Good morning. Louise Casey’s independent review of the Metropolitan Police’s culture and standards makes grim but predictable reading. It’s a familiar story for the UK’s largest police force, but it may well be different this time.
Ill Met
“Weary” is police slang to refer to “a woman who complains about the behaviours of male colleagues, or speaks out against ‘banter’ or prevailing police culture”. I imagine it will shock absolutely nobody reading this to learn that this slang is used in a derogatory fashion.
It’s fitting, because as I read Louise Casey’s report on the culture and standards of the Metropolitan Police, I too am weary.
The story is familiar: a horrific crime, or series of crimes, take place. Daniel Morgan, a private investigator who claims to have evidence of police corruption, is murdered. The initial police investigation and its follow-ups are badly bungled.
Stephen Lawrence, an 18-year-old boy, is murdered. The initial police investigation is bungled. Anthony Walgate, a 23-year-old gay man, is murdered. The initial police investigation is bungled, and his killer, Stephen Port goes on to kill again. And again. And again.
Bibaa Henry and Nicole Smallman, two sisters aged 46 and 27, are murdered. The Met does, at least, manage to find the killer, but not before the officers ordered to guard the crime scene abandon their posts to take and share “selfie-style” photos of the two dead women’s bodies.
Sarah Everard, a 33-year-old woman, is kidnapped, raped and murdered. The Met manage to find the killer and to avoid taking grisly photos with her remains, but the killer, Wayne Couzens, was a serving police officer who tricked her into entering his car. Like many perpetrators of extreme sexual violence he has a history of “minor” sexual offences.
And so we have a report tasked with exploring the Met’s culture and standards. The damning conclusion, unsurprisingly, is that the force’s culture is bad and its standards are worse. It is, in Casey’s words, racist, homophobic and sexist.
You can read William Wallis and Robert Wright’s news story here, and Casey’s op-ed in the Times today, in which she states: “To those who say that institutions can’t be racist or sexist, only individuals, I disagree”.
The crucial extract from her report, for me, is this account from one woman with 20 years’ experience in policing, whose misery caused by some of her Met colleagues’ constant bullying and sexually inappropriate behaviour made her desperate to leave:
“I knew if I made a formal complaint, that’s going to blight the rest of my career. I’d be known as a complainer, weary, a troublemaker . . . when all I wanted was to be able to come to work and enjoy it, like everyone else seemed to.”

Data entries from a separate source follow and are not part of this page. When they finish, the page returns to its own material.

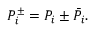Convert formula to latex. <formula><loc_0><loc_0><loc_500><loc_500>P _ { i } ^ { \pm } = P _ { i } \pm \bar { P } _ { i } .</formula> 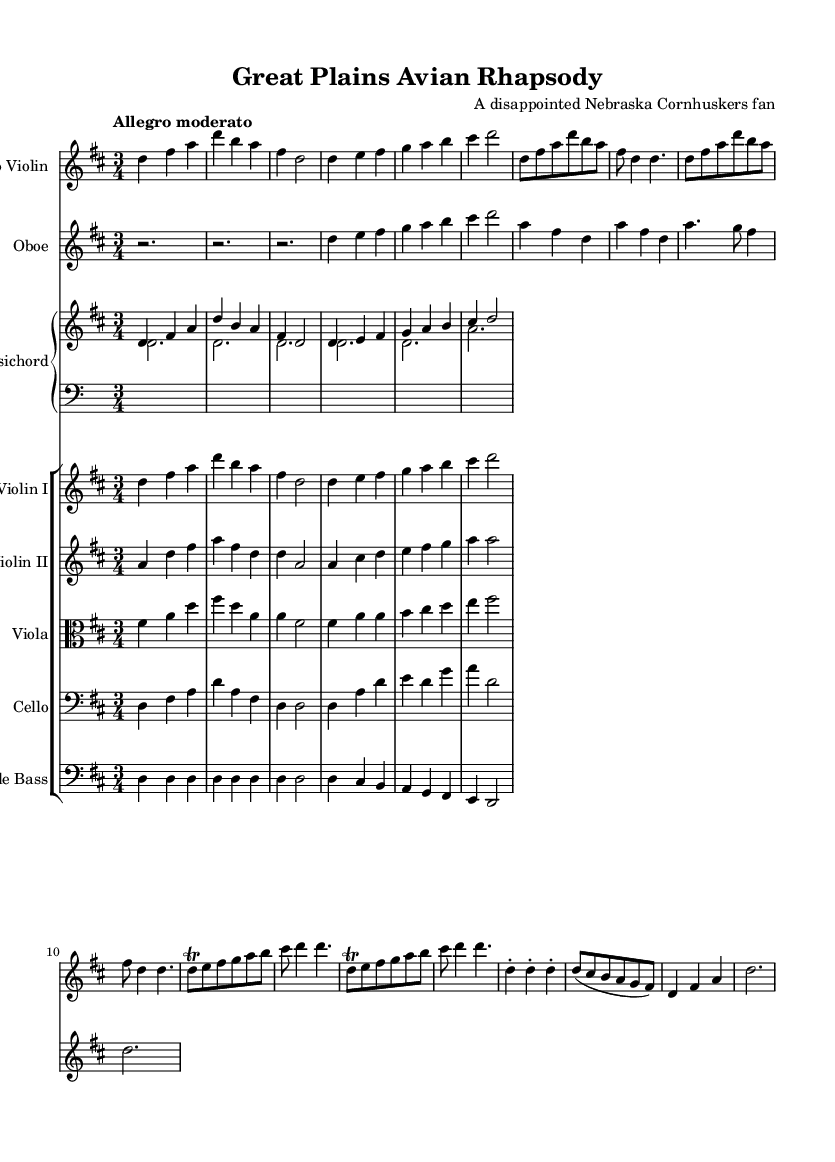What is the key signature of this music? The key signature is D major, which has two sharps (F# and C#). This can be identified by looking at the key signature notation at the beginning of the sheet music.
Answer: D major What is the time signature of this music? The time signature is 3/4, indicating there are three beats in a measure and the quarter note gets one beat. This can be found next to the key signature at the start of the score.
Answer: 3/4 What is the tempo marking for this piece? The tempo marking is "Allegro moderato," which suggests a moderately fast pace of performance. This is specified directly above the staff at the beginning of the piece.
Answer: Allegro moderato How many measures are there in the violin solo? The violin solo contains 16 measures. By counting the number of groups divided by the bar lines in the solo violin section, you can determine the total count.
Answer: 16 Which instruments are featured in this concerto? The instruments featured in this concerto include Solo Violin, Oboe, Harpsichord, Violin I, Violin II, Viola, Cello, and Double Bass. You can find this information by examining the instrument names included in the score layout.
Answer: Solo Violin, Oboe, Harpsichord, Violin I, Violin II, Viola, Cello, Double Bass What type of ornamentation is used in the solo violin part? The solo violin part features a trill ornamentation, indicated by the "tr" symbol above the note in the score. This ornamentation typically suggests rapid alternation between the main note and the note above.
Answer: Trill What is the form of this concerto? The form of this concerto is typically a three-movement structure, common in the Baroque period. Each movement typically contrasts in tempo and mood, which can be inferred from the structure and tempo annotations, though not explicitly stated in the excerpt.
Answer: Three-movement 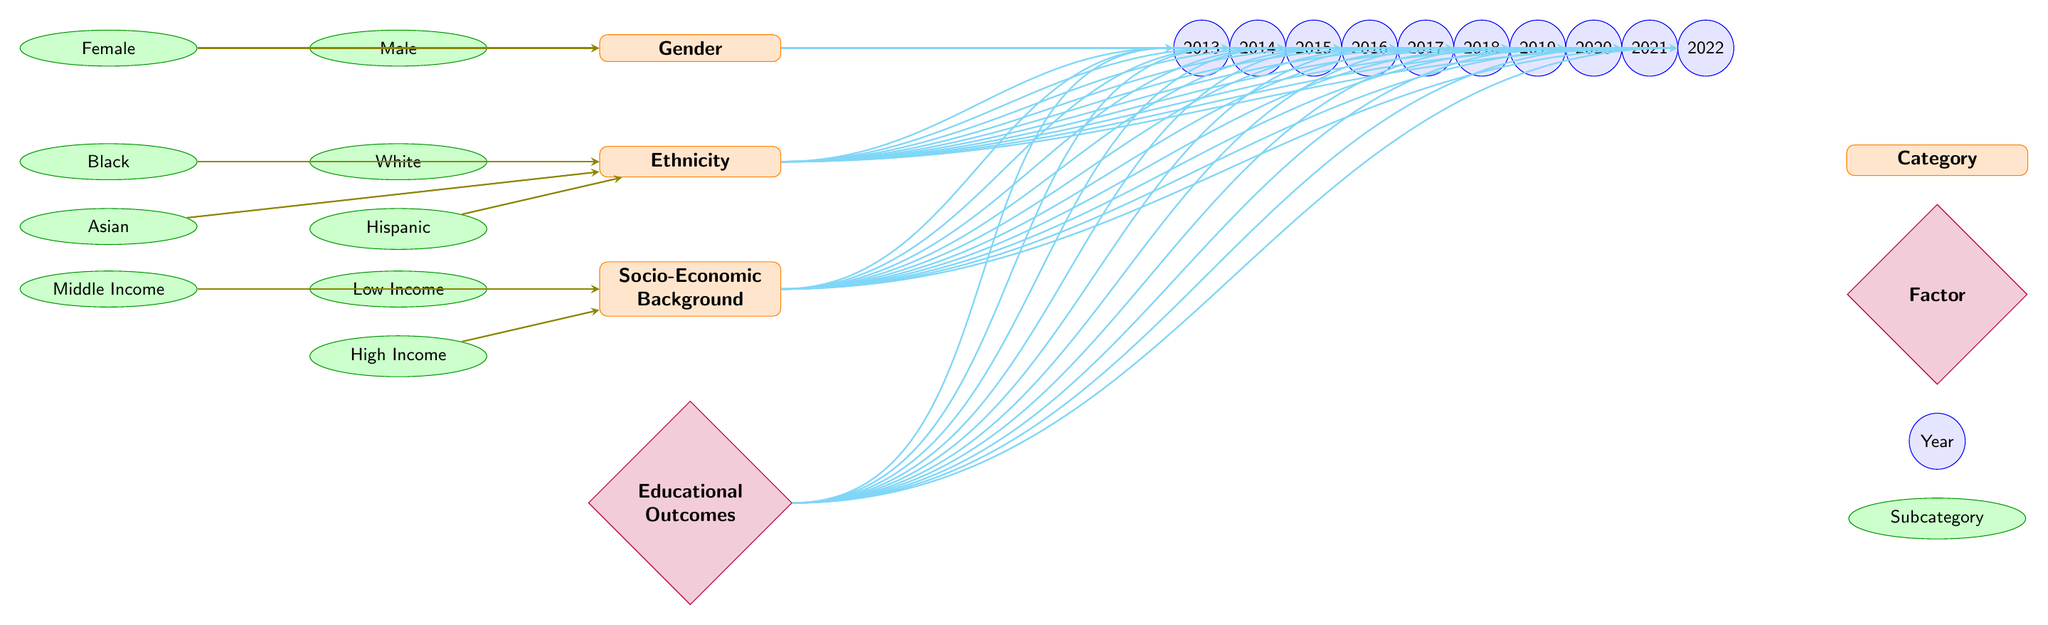What are the main categories represented in the diagram? The diagram explicitly displays three main categories: Gender, Ethnicity, and Socio-Economic Background, which are positioned vertically. These categories serve as the foundation of the analysis in the diagram.
Answer: Gender, Ethnicity, Socio-Economic Background How many years are represented in the diagram? The diagram shows a total of ten years, ranging from 2013 to 2022, which are placed horizontally across the top of the categories.
Answer: 10 What is the subcategory for the lowest socio-economic background? Among the socio-economic subcategories, "Low Income" is identified as the lowest tier and is placed at the left of the socio-economic category.
Answer: Low Income Which subcategory under ethnicity is positioned directly below Black? The subcategory immediately beneath Black is Hispanic, indicating the hierarchy of the ethnic categories represented in the diagram.
Answer: Hispanic How are the educational outcomes connected to the main categories? The educational outcomes are illustrated as a singular category at the bottom, with arrows indicating a connection from the three main categories (Gender, Ethnicity, Socio-Economic Background), illustrating their dependency on these categories.
Answer: With arrows How many subcategories are associated with the Gender category? There are two visible subcategories under the Gender category: Male and Female. These subcategories help detail the diversity within the major category of gender.
Answer: 2 Which year has the most connections to the Gender category? Each year from 2013 to 2022 has an equal number of connections represented by arrows, thus no particular year stands out. However, the response remains consistent with the equal distribution of connections across all years.
Answer: Equal connections What do the cyan arrows indicate in the diagram? The cyan arrows illustrate the connections or dependencies leading from each of the main categories (Gender, Ethnicity, and Socio-Economic Background) to each year represented in the diagram, visually demonstrating the flow of information.
Answer: Connections What is the color and shape of the node representing the Ethnicity category? The Ethnicity category is represented as a rectangle with rounded corners, filled with an orange shade, helping distinguish it clearly from the other categories.
Answer: Rectangle, orange

This complaint is not rare — Casey’s report is dotted with them — but essentially it is why the Metropolitan Police keeps being the subject of these reviews. If you don’t have an organisational culture that is set up to receive complaints and take action on them, you don’t have an organisational culture that is going to deliver excellence. As Casey rightly says, the “single biggest barrier to fixing” the Met’s problems is a culture of denial that these problems exist.
Will Casey’s review just be the latest in a long line of reports that broadly reach the same conclusion, but are never implemented? Part of the problem has been that successive governments have preferred to go for the easy option of appearing to be “tough on crime” and “pro-police” rather than asking difficult questions about whether the British police in general and its largest force in particular could be made any better.
One reason why things may be different this time is that there is an emerging consensus among both the major parties’ big thinkers on crime and policing about what needs to be done.
Casey has called on the Metropolitan Police to either be radically reformed or broken up. This is a long-running demand of Nick Timothy, formerly one of Theresa May’s closest aides and part of one of the few eras in British politics where the Home Office had seriously tried to improve standards in policing and had a plan that didn’t just involve spending more money. Timothy is now the chair of the Conservative think-tank Onward’s “Future of Conservatism” project.
On the other side of the House of Commons, Keir Starmer was a key player in the remaking of another police force that had badly lost its way: the Royal Ulster Constabulary, which was renamed the Police Service of Northern Ireland. Starmer, in a breach from his usual caution on law-and-order, has endorsed the report and called for the Metropolitan Police to undergo a similar level of root-and-branch reform to the PSNI.
Both of which creates an opportunity for Rishi Sunak, a man who wants to be re-elected as a “doer”, to seize a rare opportunity to fix this perennial policy problem at a time when his main opponent and his own party’s most serious thinkers on the topic are broadly aligned on the problems and solutions.
If there is ever going to be a moment in British politics to take on the difficult challenge of turning around the Metropolitan Police it’s surely now or never.
Shameless self-promotion
My column in today’s paper is on the political battles over childcare in the UK and the question many politicians are failing to ask about childcare.
Now try this
I don’t know if “enjoyed” is quite the right word, but I was hugely impressed by Other People’s Children, starring Virginie Efira as a woman longing to have a child and to have a relationship with the daughter of her boyfriend Ali.